Coal industry groups that intervened in the lawsuit filed a motion late last week asking Chief U.S. District Judge Charles Haden to hold a conference or hearing to discuss the settlement's potential impacts. Haden scheduled a closed-door conference for Thursday. Haden must approve a motion to dismiss parts of the lawsuit before the settlement is finalized.
Environmental activists had their own problems with the settlement.
Many felt it didn't go far enough, and wanted to reject the deal and litigate the case, hoping to win a ruling that would result in a ban on valley fills altogether. Others felt such a ruling, which would cripple the mining industry, would never occur or, at least, wouldn't stand up under appeal.
"Short of the world rising up and saying that mountaintop removal is wrong and shouldn't happen, which is what a lot of us want, this is our best shot," said Cindy Rank, mining chairwoman for the Highlands Conservancy.

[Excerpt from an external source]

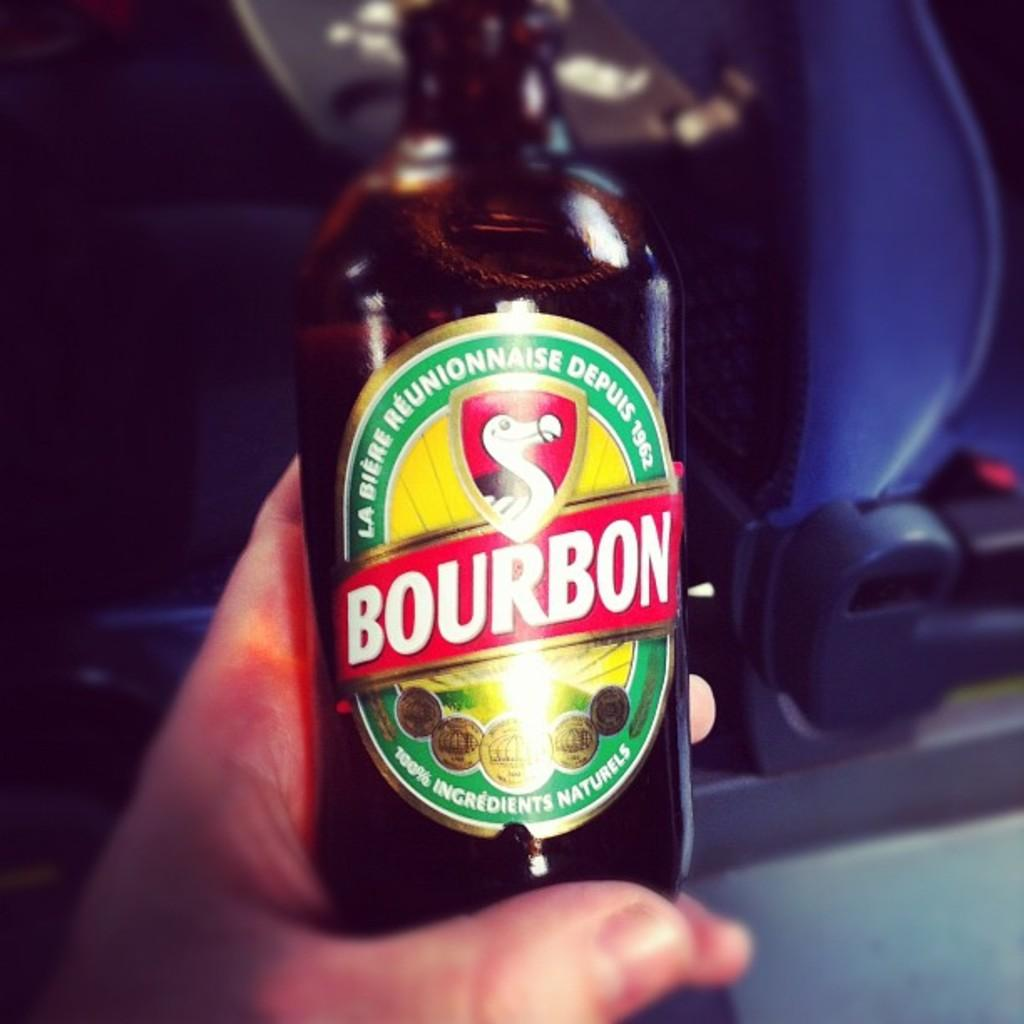What is the main object being held in the image? There is a bottle with a sticker in the image, and a person's hand is holding it. What can be seen in the background of the image? There is a seat in the background of the image, and the background is dark. What type of teeth can be seen on the beast in the image? There is no beast or teeth present in the image; it features a person holding a bottle with a sticker. How does the person look at the bottle in the image? The image does not show the person's facial expression or how they are looking at the bottle. 
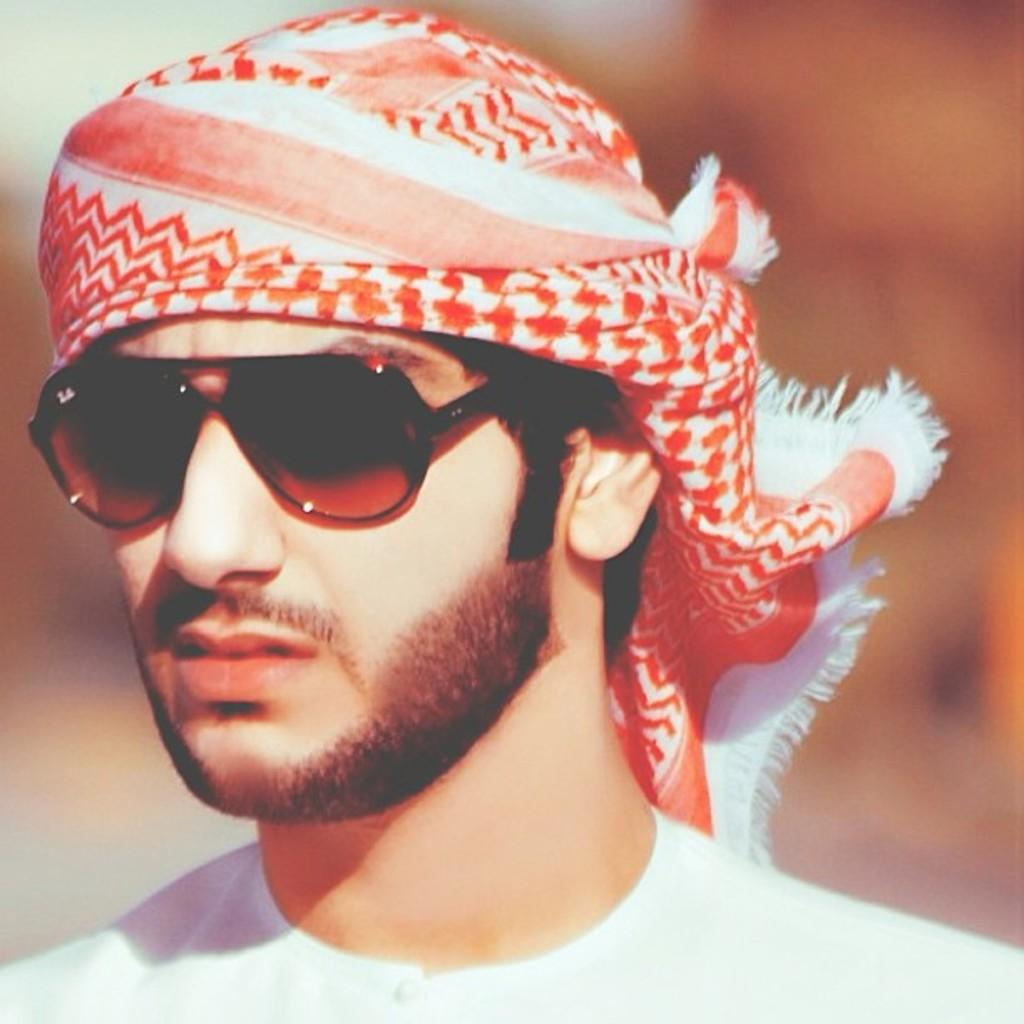Who is present in the image? There is a man in the image. What is the man wearing? The man is wearing clothes and goggles. Can you describe the background of the image? The background of the image is blurred. What type of education does the man have in the image? There is no information about the man's education in the image.

Environmentalists did manage to stall EPA for several weeks and strengthen certain portions of the settlement. They also refused to sign off on the granting of the Arch Coal permit, maintaining their right to challenge it in court separately.
Also, environmentalists refused to drop separate allegations in their lawsuit against the state Division of Environmental Protection.
Those allegations charge that DEP ignores various permit requirements, such as stream buffer zones and a mandate that land flattened by mountaintop removal be reclaimed for use by factories, shopping malls or public parks. Those portions of the lawsuit will be litigated later this year.
Rank said the settlement is far from the end of the mountaintop removal controversy.
When the Legislature comes to town next week, mountaintop removal will be among the top issues. Some citizen groups plan to continue to press for a ban on mountaintop removal. Others want further limits on blasting, or the repeal of a bill lessening the requirements for mitigating for streams buried by valley fills.
In the end, Rank said, citizens will have to keep a close watch on state and federal regulators if the settlement is to do any good.
"A whole lot depends on how willing EPA is to put forth an extraordinary effort over the next few years," Rank said. "The only thing that will make this work is that kind of commitment.
"This settlement is a good step forward," she said. "How good a step it is depends on the resources and the resolve that are available at the agencies involved.
"We need a lot of vigilance on the part of the people who are already stretched thin. At best, this will control, but if we want to stop this, we have to keep bringing to the public images of the loss of communities and the loss of Appalachia."